La distribution est pétillante. Titulaire de grands rôles wagnériens et straussiens, la soprano suisse Marion Ammann qui interprète une fougueuse Isabella, possède une voix lumineuse et claire, d’impressionnantes qualités lyriques, un aigu solide et une belle endurance. Cependant, son timbre acidulé n’est pas sans évoquer l’opérette viennoise. La jeune mezzo polonaise Agnieszka Slawinska (Mariana) nous a régalés, de son timbre velouté et charnu, d’une douceur incomparable. L’opéra requiert la participation de deux ténors d’égale valeur : le ténor belge Thomas Blondelle, membre du Deutsche Oper Berlin, et également compositeur, incarne Claudio (le frère d’Isabella), avec une belle vigueur et beaucoup d’expressivité ; déguisé en mousquetaire, le jeune ténor britannique Benjamin Hulett est un amusant Luzio. La basse Robert Bork, vétéran de la distribution, a l’ampleur vocale et l’autorité qui sied au tyrannique Friedrich. N’oublions pas la ravissante Hanne Roos, Dorella piquante dans une robe lamée rose moulante et très sexy, ni la basse-bouffe Wolfgang Bankl, Brighella de luxe.

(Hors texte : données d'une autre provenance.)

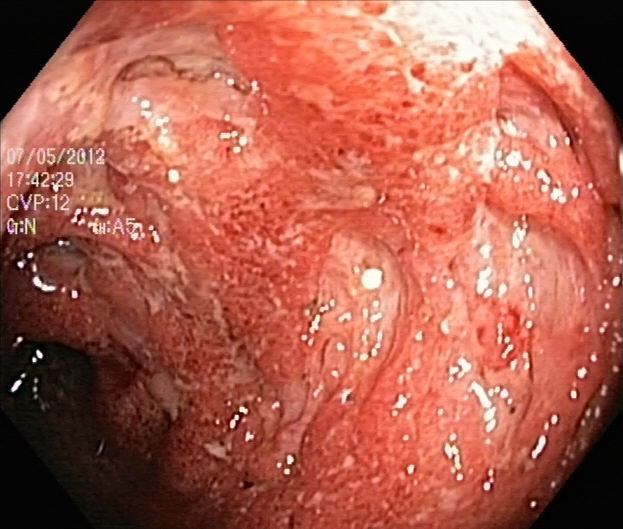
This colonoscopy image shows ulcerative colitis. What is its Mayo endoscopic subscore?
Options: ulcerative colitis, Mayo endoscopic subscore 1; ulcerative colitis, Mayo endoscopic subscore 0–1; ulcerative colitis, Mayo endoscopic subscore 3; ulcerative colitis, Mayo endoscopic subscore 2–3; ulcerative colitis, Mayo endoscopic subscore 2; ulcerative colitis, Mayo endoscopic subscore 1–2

ulcerative colitis, Mayo endoscopic subscore 3

Le chœur, bien préparé par Sandrine Abello, a un rôle important dans cet opéra, certains choristes composant même de vrais numéros de théâtre.
Le brillant chef Constantin Trinks, qui avait déjà dirigé Das Liebesverbot en 2013, à Bayreuth (à l’Oberfrankenhalle, et non pas au Festspiele), conduit avec vivacité et précision l’Orchestre philharmonique de Strasbourg.